My understanding is that the ROB is a pretty bare-bones structure in the most recent high-end cores with just tracking status.Dispatch is one thing, the other problem in not using a global scheduler is that you instruction window is partitioned according to instruction type/exec unit. If you have dependend loads (linked lists) and you miss the D$ on the first load, you quickly fill up your LS queue with stalled instructions. Then an independent load comes along and can't dispatch because the queues are full.
Example: A loop that looks up stuff in a dictionary, where each hashed entry points to a linked list of 1-10 elements. Missing the first element in the linked list cause all subsequent loads to stall and sit dead in the queue, if the same happens on the same second iteration of your loop you're quickly running out of LS queue slots. With A global scheduler, you schedule the first load for execution The subsequent dependent loads would then sit idle in the ROB until the first load completes. The outer loop would grind on, because traversing each hash slot is independent and we have plenty of ROB ( ~200 )entries to keep things going.

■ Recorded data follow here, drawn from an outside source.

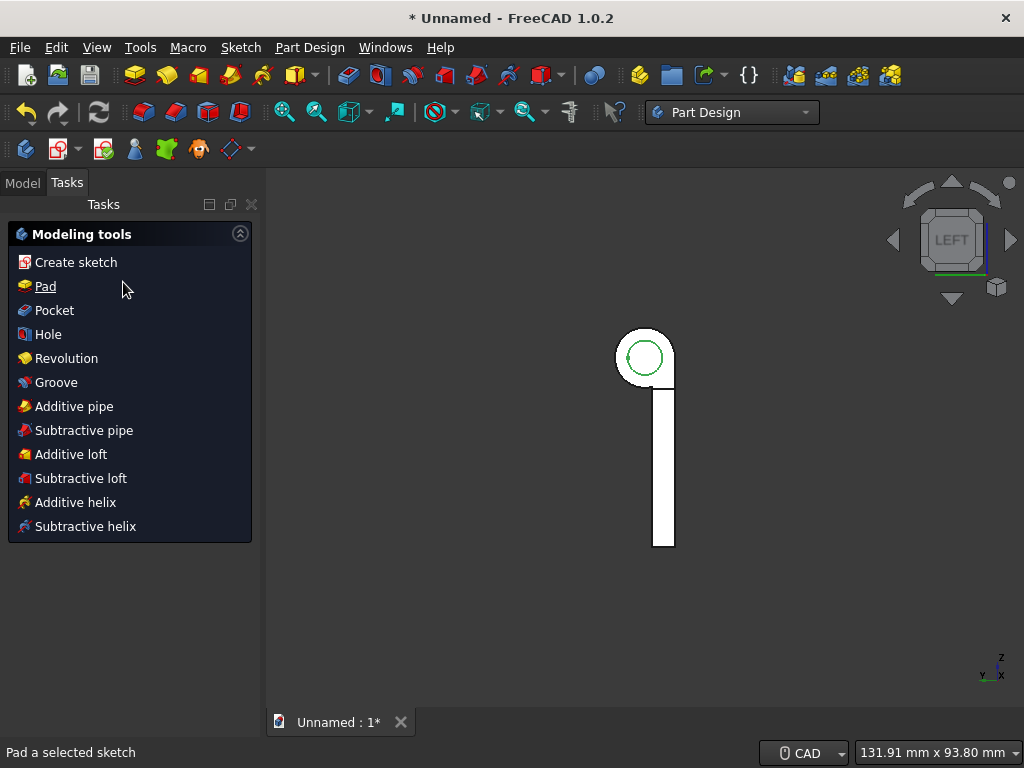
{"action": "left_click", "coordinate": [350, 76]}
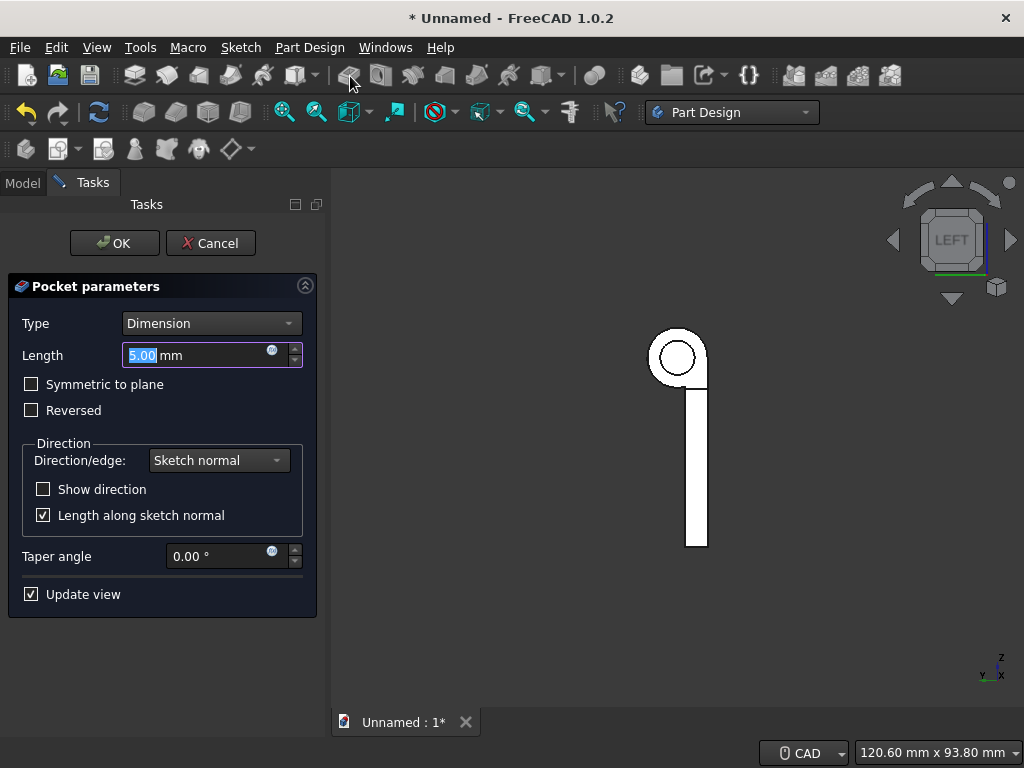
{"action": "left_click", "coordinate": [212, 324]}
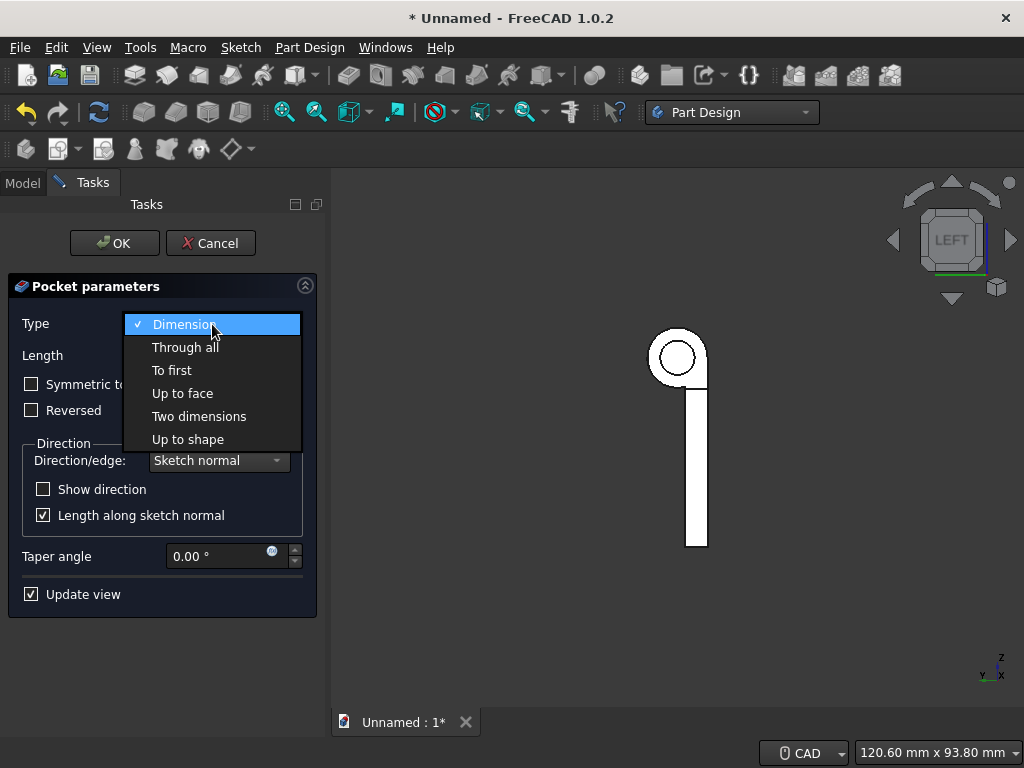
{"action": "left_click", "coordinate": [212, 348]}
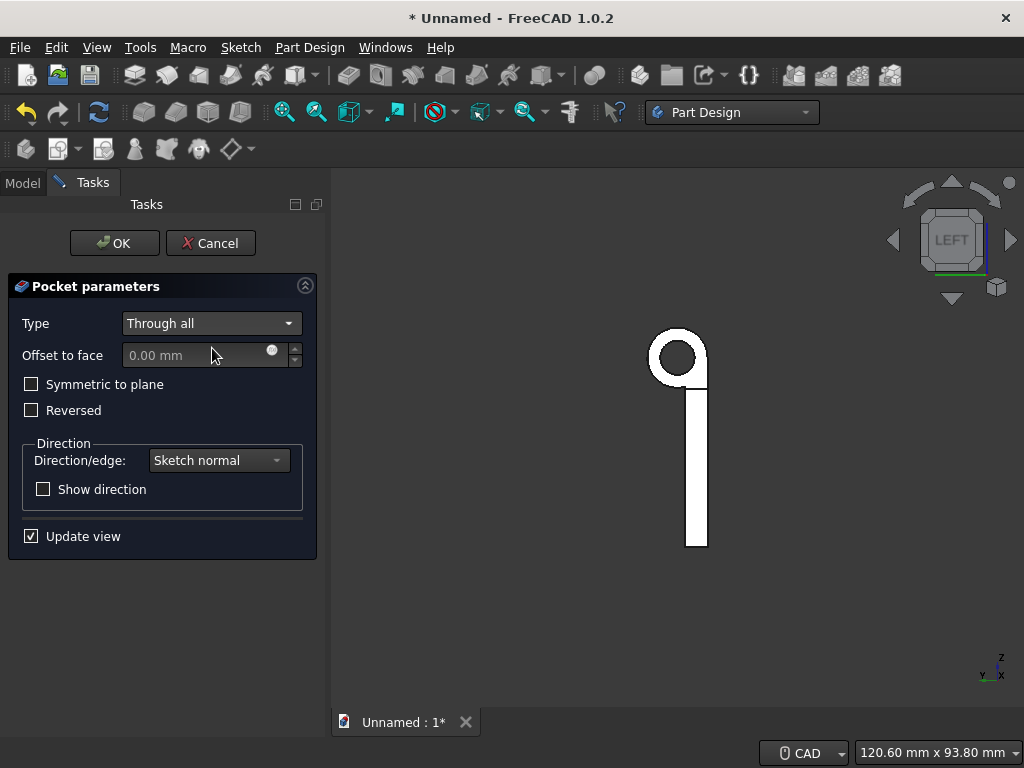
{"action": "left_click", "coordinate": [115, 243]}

Unless there is a shit ton of LS queue entries, I'd expect Zen to have pathological cases where Intel beats it handsomely.
Cheers
The allocation and rename stage that would get the rename register and LS entry, which would be in-order and prior to the scheduling stage.
How would the scheduler portion of the pipeline be able to block dependent loads from taking up space when their resources are allocated earlier in the in-order portion of the pipeline? Given that it's a pipeline and the back-pressure is unpredictable, it may also be a variable amount of time before it would be known if the first load missed the cache.